ABSTRACT

Consider a class of modified Kirchhoff-type equations $-(1+b{\int }_{{\mathbb{R}}^3}|\mathrm{\nabla }u{|}^2\mathrm{d}x)\mathrm{\Delta }u+V\left(x\right)u-\frac{1}{2}u\mathrm{\Delta }\left(u^2\right)=f\left(u\right),\text{in}{\mathbb{R}}^3,$ where the nonlinear term f is 4-superlinear at infinity. By using the method of invariant sets of descending flow, the existence of a sign-changing solution is obtained. When f is assumed to be odd, we prove that the above problem admits infinitely many sign-changing solutions. Moreover, when $V\left(x\right)\equiv 1$ and the nonlinearity of power growth $f\left(u\right)=|u{|}^{p-2}u$ with 1<p, we establish some existence and non-existence results. For $p\in (1,2]\cup [12,\mathrm{\infty })$, the non-existence result relies on the deduction of some suitable Pohozaev identity.
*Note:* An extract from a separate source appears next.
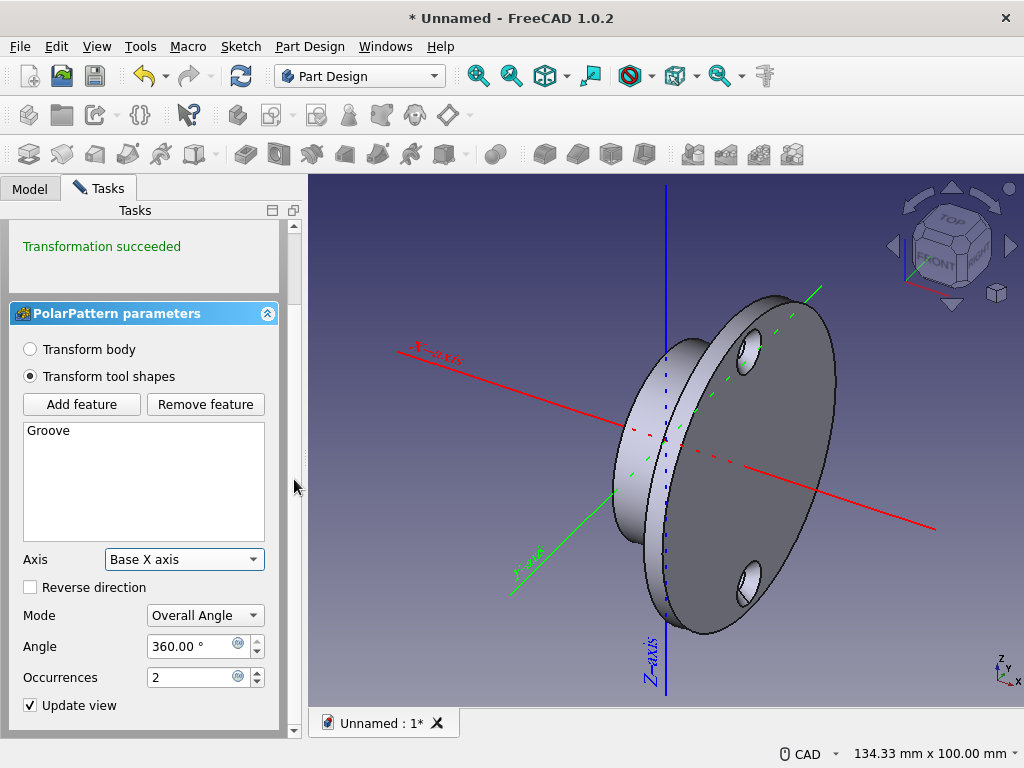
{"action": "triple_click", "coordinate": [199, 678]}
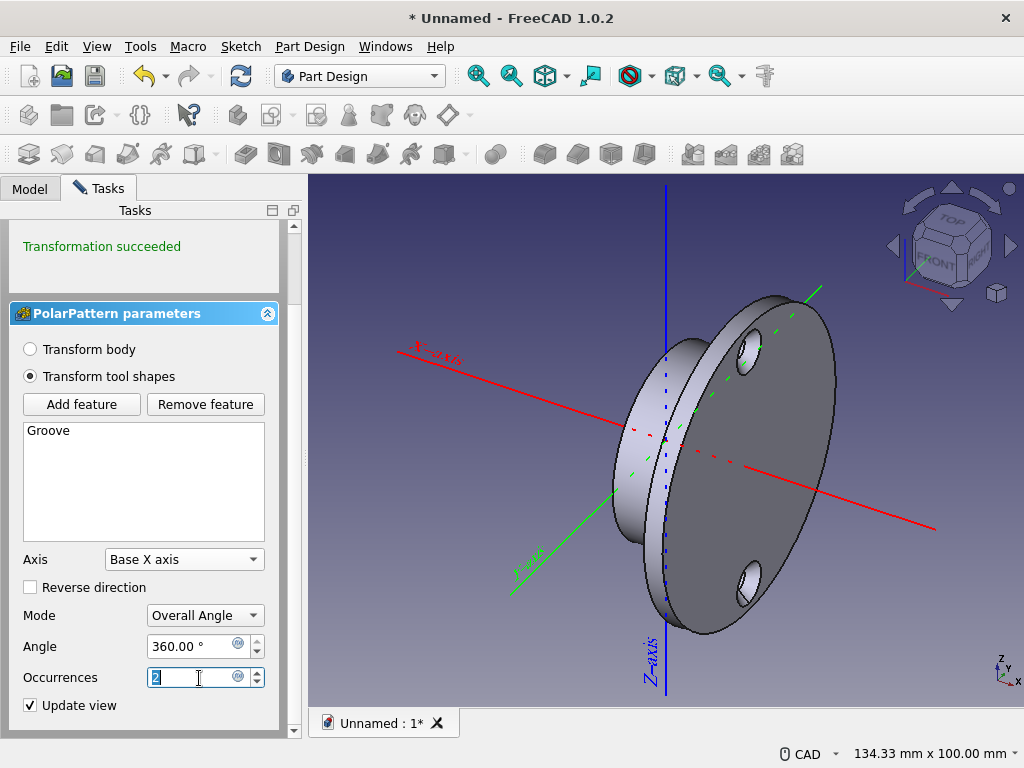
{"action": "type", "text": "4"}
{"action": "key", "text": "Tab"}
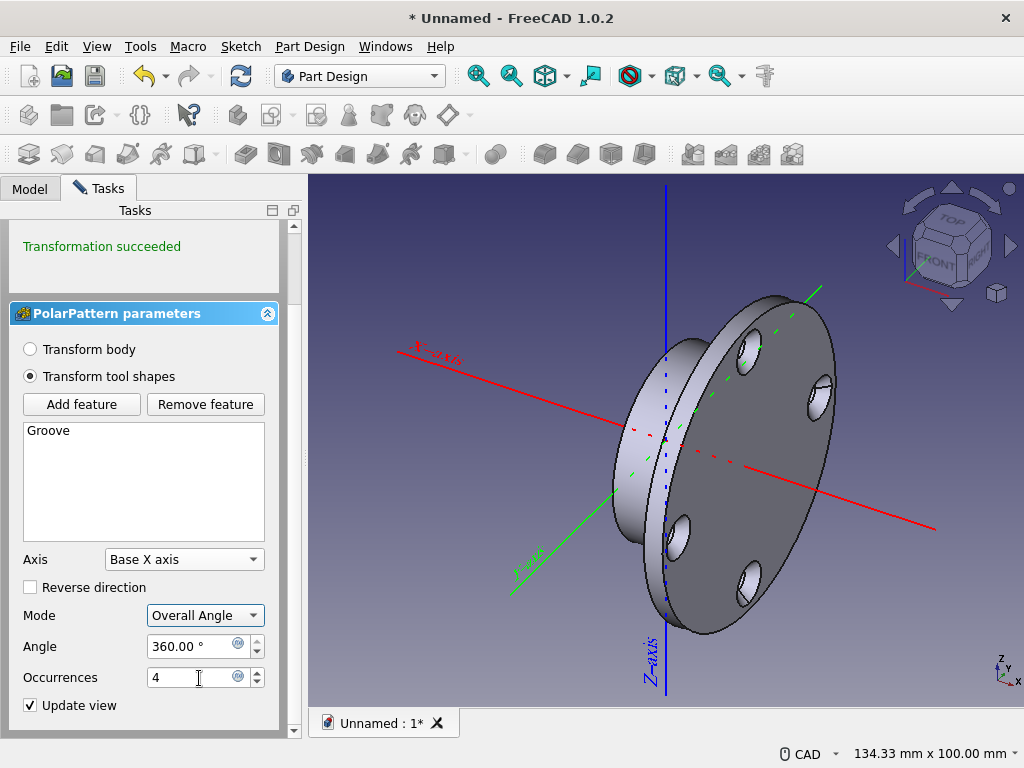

For $p\in (3,4]$, using the Nehari–Pohozaev manifold, we prove that the above problem admits a ground state solution.

摘要

考虑一类修正的基尔霍夫型方程 $-(1+乙{\int }_{{\mathbb{电阻}}^3}|\mathrm{\nabla }你{|}^2\mathrm{d}X)\mathrm{\Delta }你+伏\left(X\right)你-\frac{1}{2}你\mathrm{\Delta }\left({你}^2\right)=F\left(你\right),\text{在}{\mathbb{电阻}}^3,$其中非线性项f在无穷远处是 4-超线性的。利用下降流不变集的方法，得到了变号解的存在性。当f被假定为奇数时，我们证明上述问题允许无限多个变号解。此外，当$伏\left(X\right)\equiv 1$ 和功率增长的非线性 $F\left(你\right)=|你{|}^{p-2}你$当 1< p 时，我们建立了一些存在和不存在的结果。为了$p\in (1,2]\cup [12,\mathrm{\infty })$，不存在的结果依赖于一些合适的 Pohozaev 恒等式的推导。为了$p\in (3,4]$，使用 Nehari-Pohozaev 流形，我们证明上述问题允许基态解。